Gollancz está sacando unos omnibuses muy jugosos de algunos de estos autores de la new wave (Bayley, Sladek) y de muchos otros de distintas ramas del género, como por ejemplo Pat Cadigan, la recientemente fallecida Kate Wilhelm (RIP), o clásicos hard como Hal Clement o Charles Sheffield.
Casi prefiero tapar huecos en mis lecturas con este tipo de libros que catar muchas de las novedades del mercado actual. Mi ideal es leer una novedad y a renglón seguido un título publicado no antes de los 90 del XX. Aunque supongo que estoy más solo que la una en este sentido y que en realidad a nadie le importa una M este tipo de literaturas. Una pena, porque en un género con una trayectoria ya tan larga debería haber un lugar para poder echar la vista atrás y recuperar este tipo de material más que interesante (recuperar y en la mayoría de los casos publicar por primera vez, que tampoco es que abunden las traducciones).

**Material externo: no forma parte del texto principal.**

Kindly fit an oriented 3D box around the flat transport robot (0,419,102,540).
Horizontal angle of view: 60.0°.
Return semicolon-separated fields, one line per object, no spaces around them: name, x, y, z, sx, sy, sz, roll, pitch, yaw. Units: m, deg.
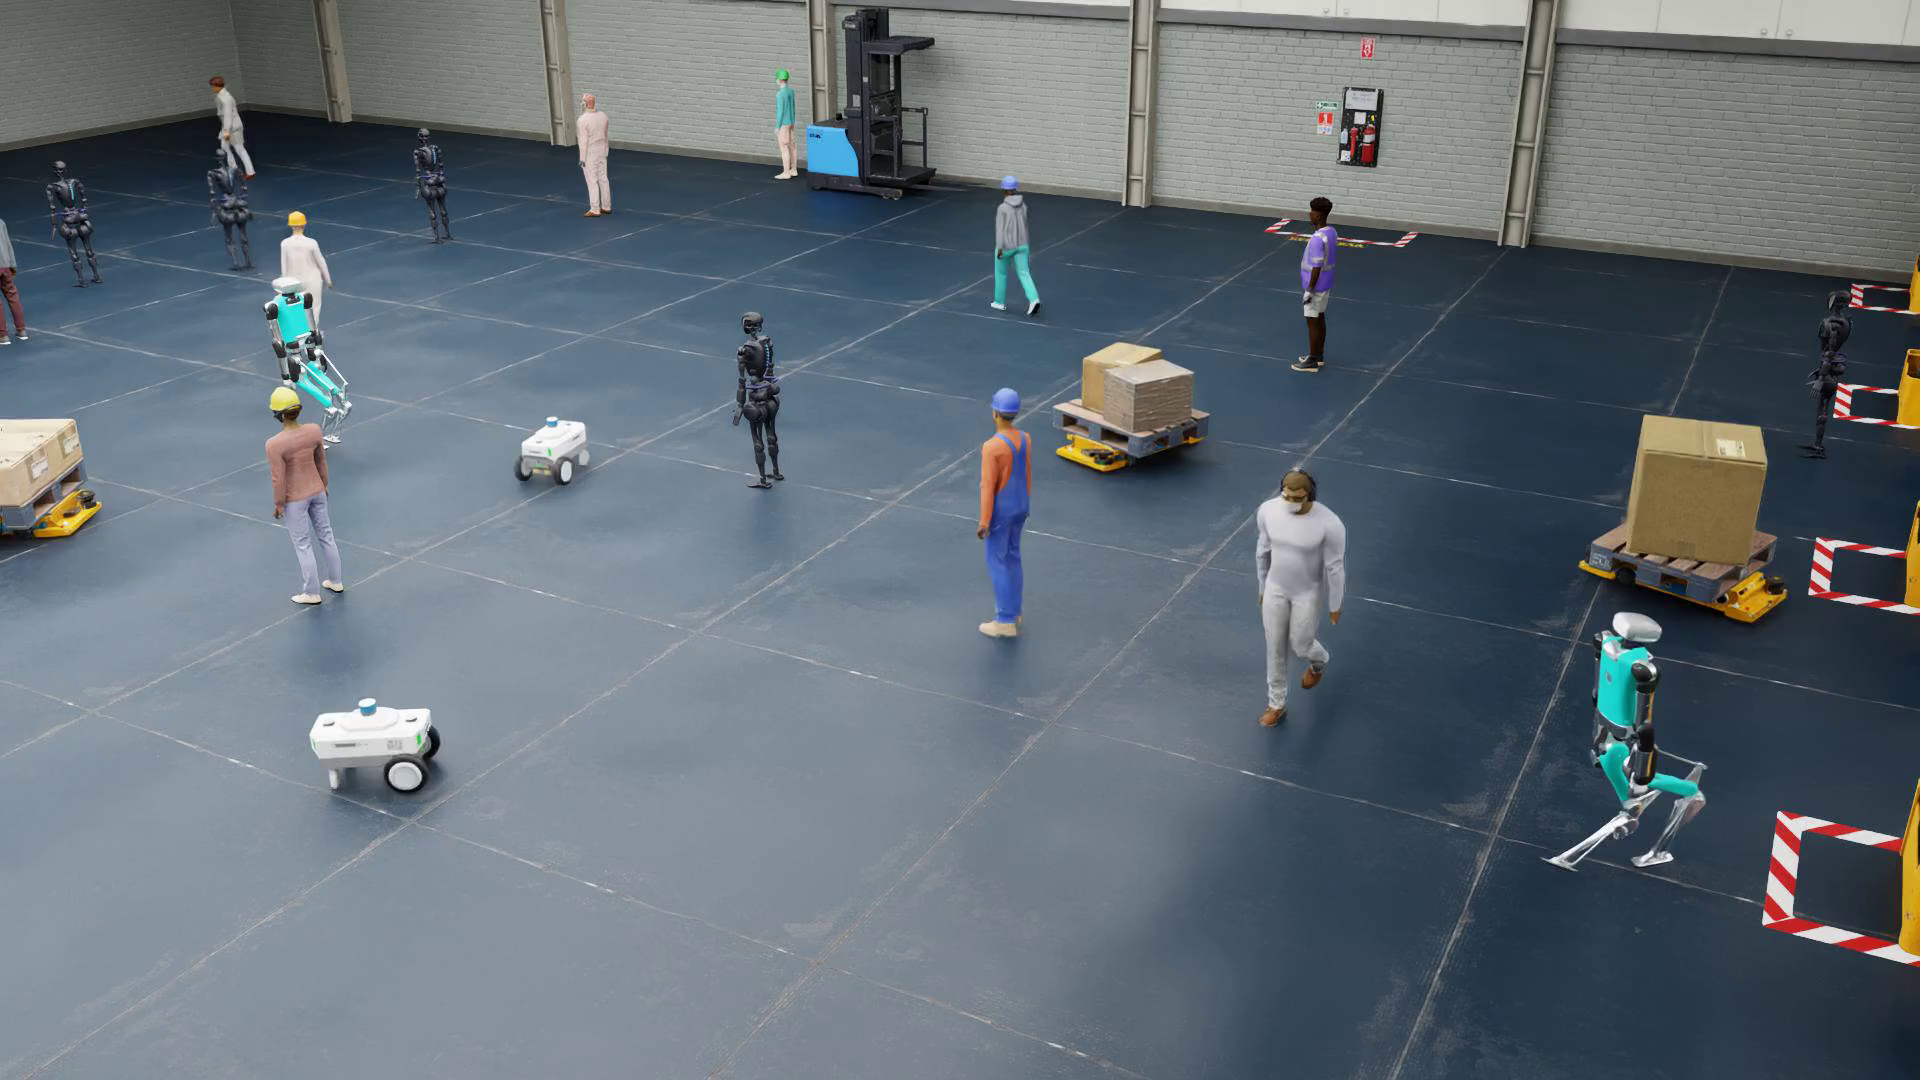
flat transport robot;-8.455;-0.225;14.686;1.431;0.231;0.659;-1;23;-3

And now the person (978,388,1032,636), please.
person;0.360;-0.209;12.627;0.502;1.878;0.598;21;31;40

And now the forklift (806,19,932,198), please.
forklift;-1.573;-7.292;27.850;1.873;2.768;1.129;12;26;25

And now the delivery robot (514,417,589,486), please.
delivery robot;-3.864;-0.854;15.804;0.499;0.607;0.790;7;24;16

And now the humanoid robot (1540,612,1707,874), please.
humanoid robot;3.918;1.210;9.509;1.030;1.744;0.540;-4;24;-10

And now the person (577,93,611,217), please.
person;-5.790;-6.056;26.187;0.409;1.906;0.653;12;26;25

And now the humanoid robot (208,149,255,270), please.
humanoid robot;-10.091;-4.567;23.027;0.407;1.635;0.611;17;28;34

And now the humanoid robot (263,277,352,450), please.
humanoid robot;-6.208;-1.677;16.038;0.735;1.677;0.533;12;26;25

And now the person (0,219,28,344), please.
person;-11.468;-3.230;19.726;0.376;1.810;0.557;12;26;25

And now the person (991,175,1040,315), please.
person;0.706;-3.692;20.889;0.541;1.742;0.818;-14;27;-30

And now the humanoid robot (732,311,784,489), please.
humanoid robot;-1.871;-1.305;15.398;0.315;1.657;0.599;12;26;25

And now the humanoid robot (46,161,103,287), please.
humanoid robot;-11.847;-4.220;22.186;0.315;1.657;0.599;12;26;25

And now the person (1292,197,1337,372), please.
person;4.005;-2.877;18.712;0.361;1.963;0.613;12;26;25

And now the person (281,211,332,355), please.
person;-7.619;-2.999;19.388;0.491;1.648;0.889;-1;23;-3

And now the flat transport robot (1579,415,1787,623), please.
flat transport robot;5.851;0.286;13.498;0.659;0.231;1.431;-21;31;-40

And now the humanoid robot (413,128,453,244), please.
humanoid robot;-7.794;-5.224;24.522;0.315;1.657;0.599;12;26;25

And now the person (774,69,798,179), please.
person;-3.059;-7.254;29.017;0.352;1.872;0.531;12;26;25

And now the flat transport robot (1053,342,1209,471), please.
flat transport robot;1.699;-0.993;16.474;1.431;0.231;0.659;-19;30;-37

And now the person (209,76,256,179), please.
person;-12.646;-7.131;28.843;0.633;1.786;0.536;-16;28;-33

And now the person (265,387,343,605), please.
person;-5.186;-0.350;13.079;0.316;1.767;0.533;12;26;25

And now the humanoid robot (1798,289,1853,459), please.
humanoid robot;8.402;-1.620;16.133;0.315;1.657;0.599;12;26;25

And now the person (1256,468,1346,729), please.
person;2.335;0.332;11.335;0.637;1.904;0.673;16;28;32

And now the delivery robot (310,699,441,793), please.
delivery robot;-3.766;1.308;10.752;0.763;0.592;0.505;-2;23;-6

Gigamesh está haciendo algo en esta línea con Ian Watson, y me parece muy loable. A ver si surge una nueva tendencia en este sentido.
totalmente de acuerdo.
Sí, el mercado anglosajón es muy amplio y se puede permitir esas alegrías, pero no creo que el español de para recuperar autores semiolvidados a un público que no creo que esté demasiado interesado y puede que con razón, a ver qué lector/a joven se va a gastar quince pavos o más en una oscura novela de un señor semiolvidado, escrita hace cuarenta o cincuenta años, cuando en su red social (la del lector, no la del señor semiolvidado) todo el mundo está leyendo las novedades de su época, como es normal. Salvo caprichos editoriales puntuales, tipo me publico esto que no va a vender porque quiero y porque me lo puedo permitir. En fin, una pena que no juegue a la lotería porque hay unos cuantos inéditos anglosajones y algún descatalogado, quizá no obras maestras, pero como mínimo interesantes, que molaría publicar por afición, palmar pasta como si no hubiera un mañana y quedarse bien ancho.
De Bayley no puedo hablar, pero no me importaría darle un tiempo a ese Virus Estelar.. Y, joda, que Harrison no sea adorado, amado, reconocido, y yoquesé ..no me cabe en la cabeza, pero si es un genio !!! Yo disfruté su Secuencia de Viriconium y que pasada. Son tres libros buenísimos, ¿cómo puede triunfar Alan Moore y no Harrison, si casi son primos hermanos …?. Que lástima, la verdad, que lástima…
Leches, ahora el único libro de Harrison del que podía pasar sin problemas se convierte en otro imprescindible. Gracias, hombre (grrr).